Resilience is a skill we know helps us as individuals and leaders thrive under pressure, but how do we foster and encourage resilience for high-performing teams? Even individuals who are otherwise resilient may face struggles in certain areas as we continue to work from home, nearly a year into the COVID-19 crisis.
Research has shown that there are three common factors that can predict whether people will be resilient or not. People who have disciplined routines for their work, high levels of confidence in their abilities, and a strong network of social and family support are shown to be the most resilient. It’s a good idea for managers and leaders to identify how their teams are doing in these areas and whether or not they need reinforcement.
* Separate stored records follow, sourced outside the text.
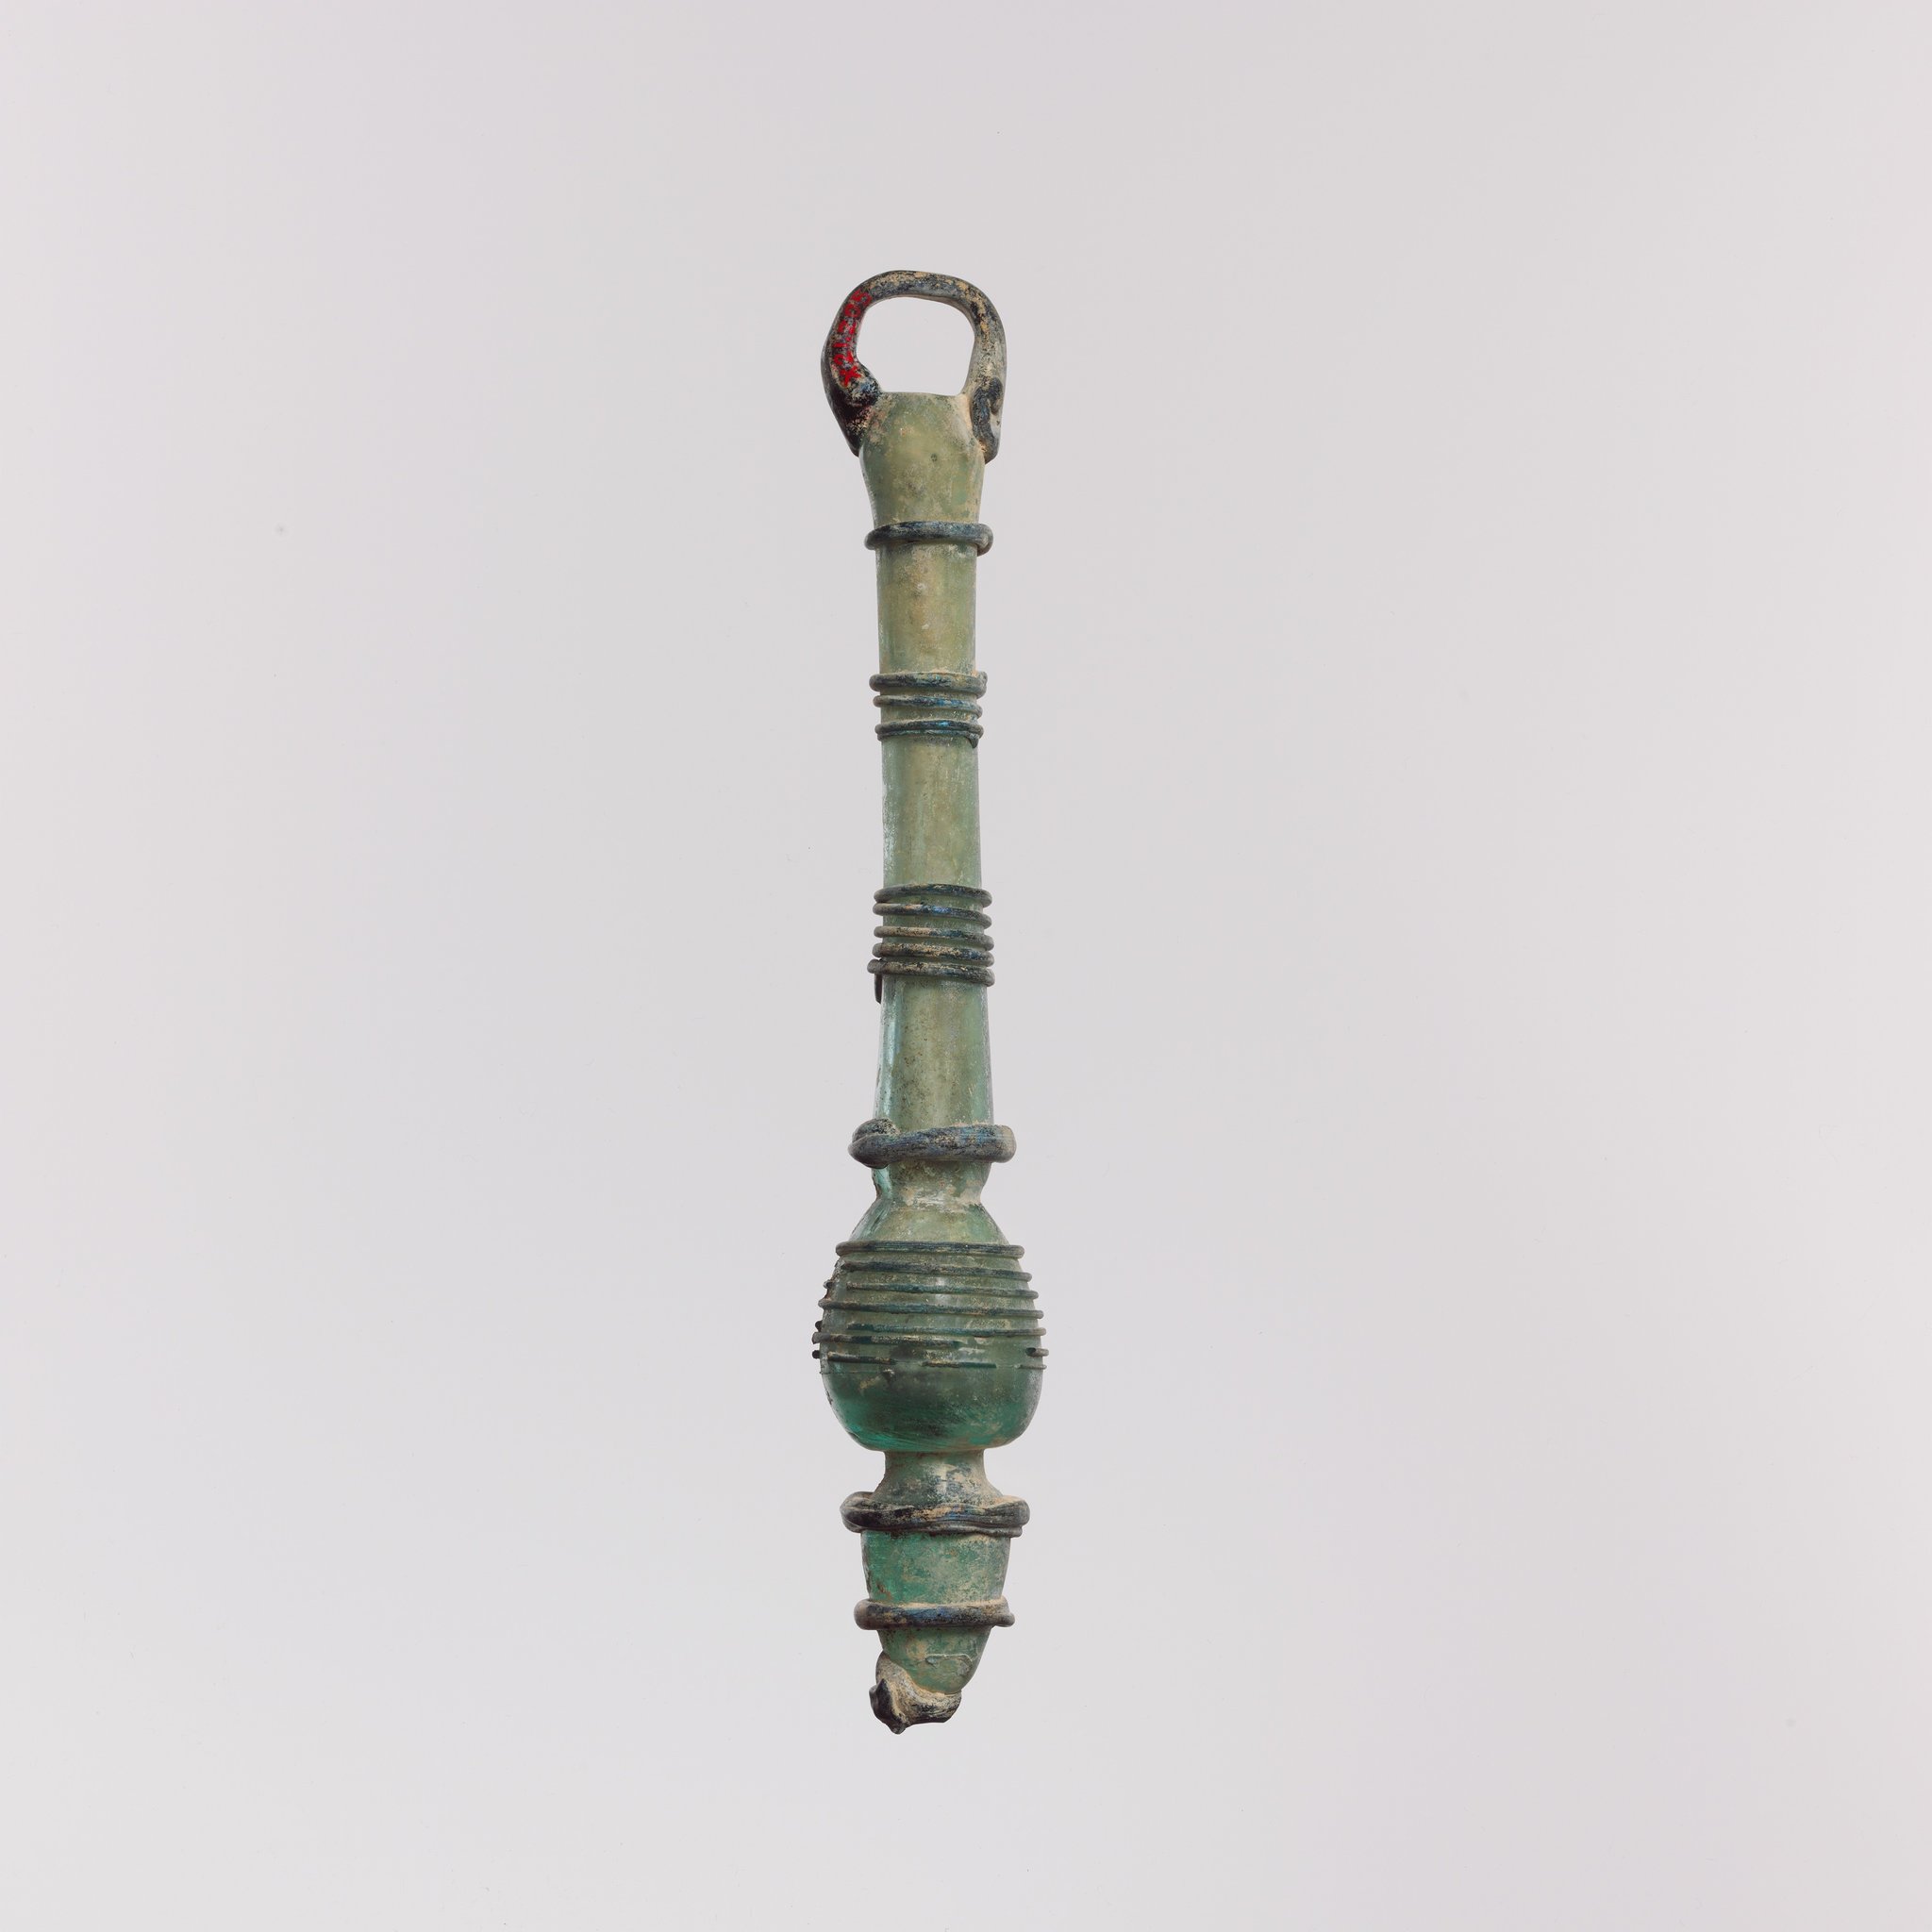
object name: bottle
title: Glass bottle
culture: roman
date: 301-500
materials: glass

Checking in with your team members individually to hear how they are doing or if anything has changed for them is a great way for leaders to get an idea of how your people are faring. These check-ins are a good way to take inventory of how your reports are doing in the three resilience categories and can be an opportunity to provide support where needed.
Otherwise-resilient employees may be feeling less so while managing the challenges of working from home. Remote work has caused many people’s previous routines to change, and figuring out new systems and workflows that work for them now can sometimes take time to master. Many employees are struggling to focus, find time for deep work, and establish work schedules that are sustainable, all while balancing the increasing demands of home life.
Sometimes challenges with connection and routines can lead to lowered confidence in the work of otherwise-confident employees. Providing regular feedback, more frequent check-ins if necessary, and positive reinforcement can be a way to let your employees know that they are doing a good job.
Showing your compassion both as a leader and as a person is also a great way to reestablish resilience in your remote workplace. Being available to your employees, providing them with the tools and resources they need to do their job from home, and giving them the opportunity to take time if they need it for their family are ways to demonstrate that you value their contribution to the team as well as them individually as people.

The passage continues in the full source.